尚仪局的值房内,烛火被穿堂风吹得忽明忽暗。
傅青梧跪在冰冷的金砖地上,指尖因用力而泛白。她面前摊开的是那本《晨昏定省名册》,朱砂红得刺眼,像是一道道未干的血痕。太后寿辰的吉时就在两个时辰之后,若这本名册呈上去,里面那个被圈去的名讳一旦露馅,尚仪局上下几十号人,都要陪葬。
“傅掌籍,”武昭宁的声音从门口传来,不紧不慢,带着一种猫捉老鼠般的慵懒,“怎么还没好?奴才们都在等着给太后贺寿呢。”
她没有进来,只是倚在门框上,指甲轻轻敲击着木柱,发出“笃、笃”的声响。每一下,都像是敲在傅青梧的心尖上。
傅青梧没有抬头,语速平缓,仿佛只是在陈述一个无关紧要的事实:“武首领,名册上的墨迹尚未干透,强行翻页,容易晕染。若是污了太后的御览之物,这罪过,恐怕比延误更重吧?”

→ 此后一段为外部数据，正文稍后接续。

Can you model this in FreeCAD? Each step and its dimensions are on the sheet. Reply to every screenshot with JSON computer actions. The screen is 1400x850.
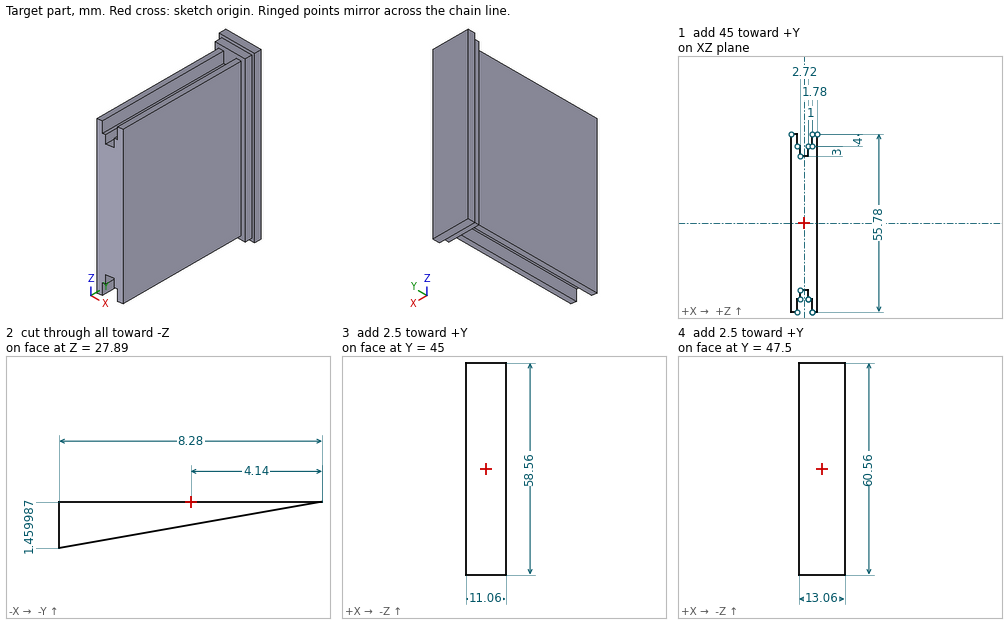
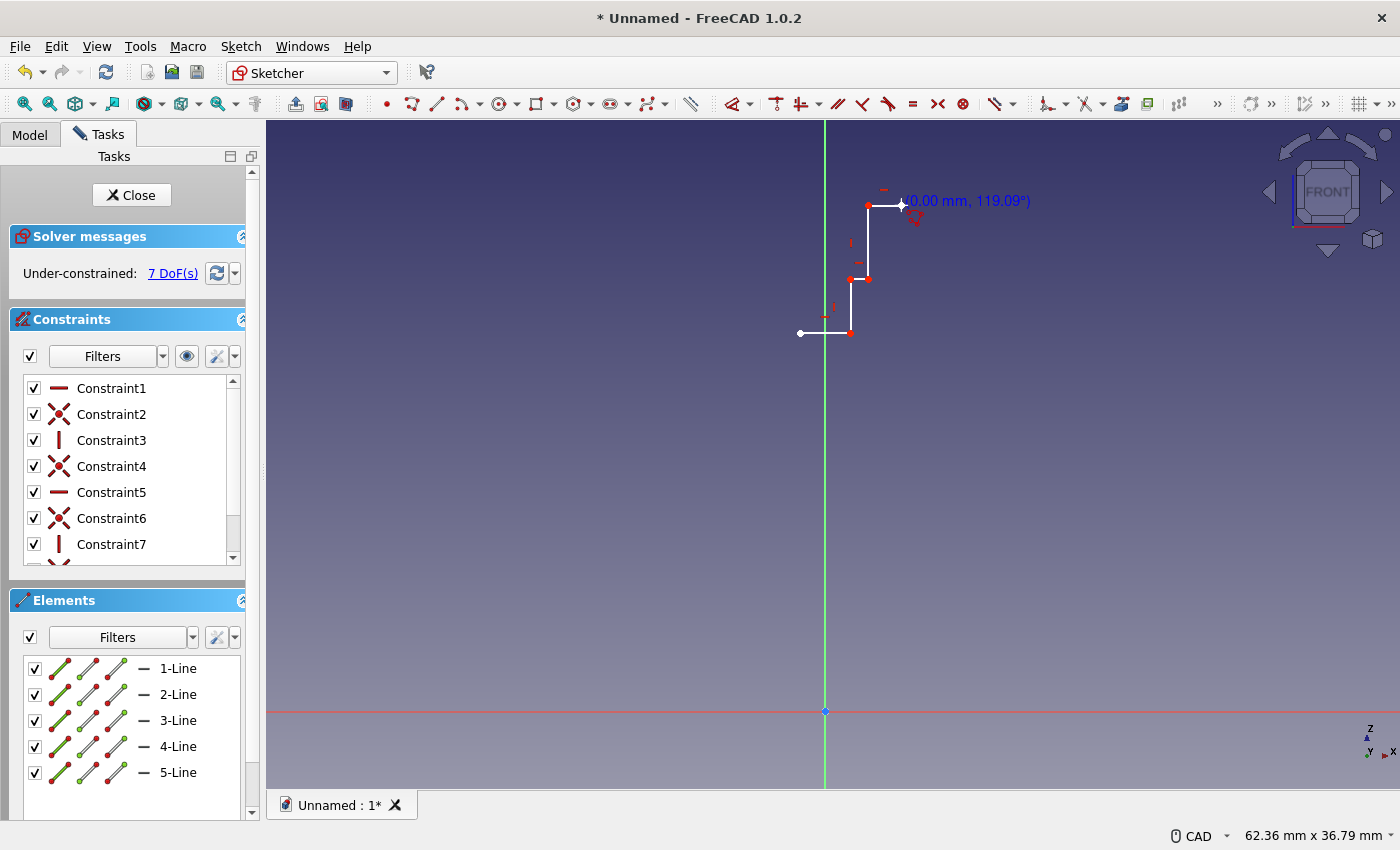
{"action": "scroll", "coordinate": [715, 244], "scroll_direction": "down", "scroll_amount": 4}

“哦?”武昭宁轻笑一声,终于迈步走进屋内。她的目光如刀,扫过傅青梧低垂的眉眼,“你在教我做事?还是说,你觉得自己有把握,能在早朝前把这一页‘错误’抹平?”
傅青梧缓缓抬起头,眼神清冷:“我只是在想,如果此刻有人能帮我确认一下封皮上的印鉴是否完好,或许能节省不少时间。毕竟,李公公最讲究规矩,不是吗?”
武昭宁眼中的笑意瞬间凝固。她看向窗外,那里空无一人,但她知道,那个圆滑的老太监此刻正躲在阴影里,等着看戏。
“你想拖时间?”武昭宁逼近一步,声音压低,透着寒意,“傅青梧,你以为我不知道你在慈宁宫偏殿做了什么吗?那块玉佩,还在你怀里贴着心口吧?那是死人的东西,带着它,你连呼吸都是错的。”
傅青梧的手指微微一颤,藏在袖中的手紧紧攥住了那半块温热的玉佩。那是母亲留下的唯一遗物,也是证明母亲当年并非因罪被赐死,而是因知晓真相而被灭口的关键。